Stress and Genetics
In the past few days, I’ve been delighted to discover a recent study by one of my old favorite researchers—someone I’ve quoted often in the past—Dr. Eric Nestler. I became fascinated all the way back in 2004 by research he did about the concept of cellular memory and how it provides an explanation for why some people get sick while others with the same risk factors do not. His team found that addictions and other severe stressors cause stable changes in the chromatin and gene expression that alter how DNA is expressed and influence neuronal development and behavioral outcomes.
Since then, Dr. Nestler has evidently not been idle. He published the paper I’m going to discuss today two years ago, alongside Dr. Scott Russo, and this one deals with another subject of great interest to me (and hopefully, to you), the science of resistance to stress. If you’d like to read it yourself, the official title is: Neurobiological basis of stress resilience.
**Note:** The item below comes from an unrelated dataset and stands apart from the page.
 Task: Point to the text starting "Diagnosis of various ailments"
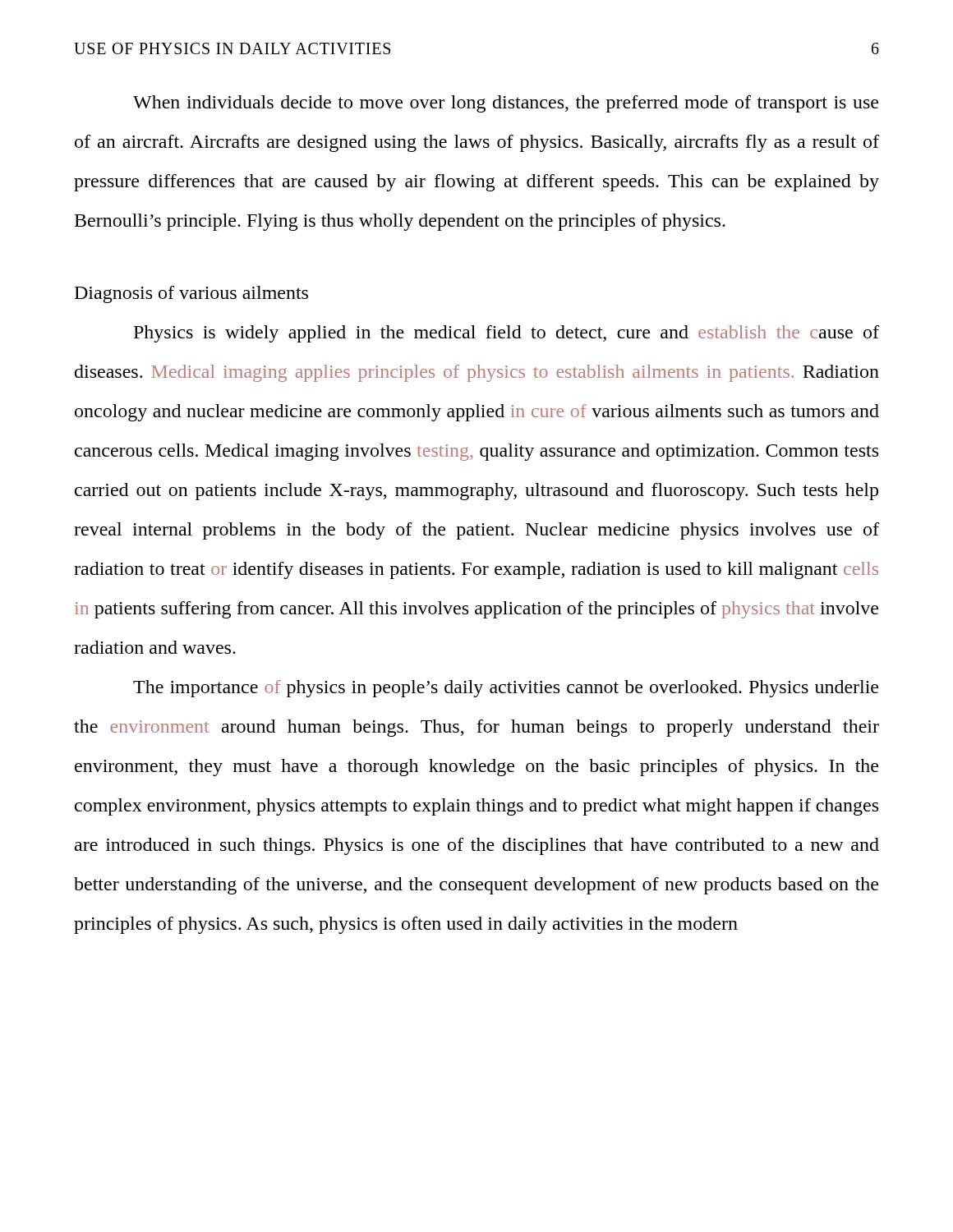click(191, 292)

When the paper talks about stress resilience, it is referring to the capacity of humans to endure stress without manifesting the disordered behaviors that are often associated with it. This is a timely issue, since we are currently in the middle of an unprecedented epidemic of anxiety and depression. We were arguably already in an epidemic before COVID hit, and things are far worse now. Dr. Nestler notes one study from the University of Michigan which found that approximately 35% of students and nearly 45% of women on campus have a DSM-diagnosable disorder of anxiety or depression. That’s a significantly higher diagnostic bar than merely having anxiety or depression that negatively affects them to some extent, which makes the numbers all the more striking.
As someone who focuses on therapies for preventative health and wellbeing, I’m especially excited by the idea of conscious processes that can physically alter gene expression and brain health in order to prevent or perhaps even heal the adverse effects of severe stress. And even though much of Nestler’s work is focused on the potential for targeted drugs to treat these effects, he also emphasizes numerous times throughout the paper that resilience is an active process. In fact, he even gives a list of ten positive factors of human resilience. When I first saw this list, I said to my son, “We could have written this,” because it’s striking how well it aligns with what we talk about here on the blog, and with the findings of some of my other favorite sources like the Harvard Grant study. Here are the factors:
- Positive attitude, realistic optimism.
- Cognitive flexibility through cognitive reappraisal.
- Embrace a personal moral compass.
- Find a resilient role model.
- Face your fears.
- Develop active coping skills.
- Establish and nurture a supportive social network.
- Attend to physical well-being.
- Train regularly and rigorously in multiple areas.
- Recognize, utilize, and foster signature strengths.
What a wonderful list! I’m particularly intrigued by that second item: cognitive flexibility through cognitive reappraisal, because the implication here is something that I’ve been saying for years: most erroneous memories are erroneous in their framing, and if you are able to take active steps to adjust that subconscious framing, it can greatly improve you psychological, and even your physical health.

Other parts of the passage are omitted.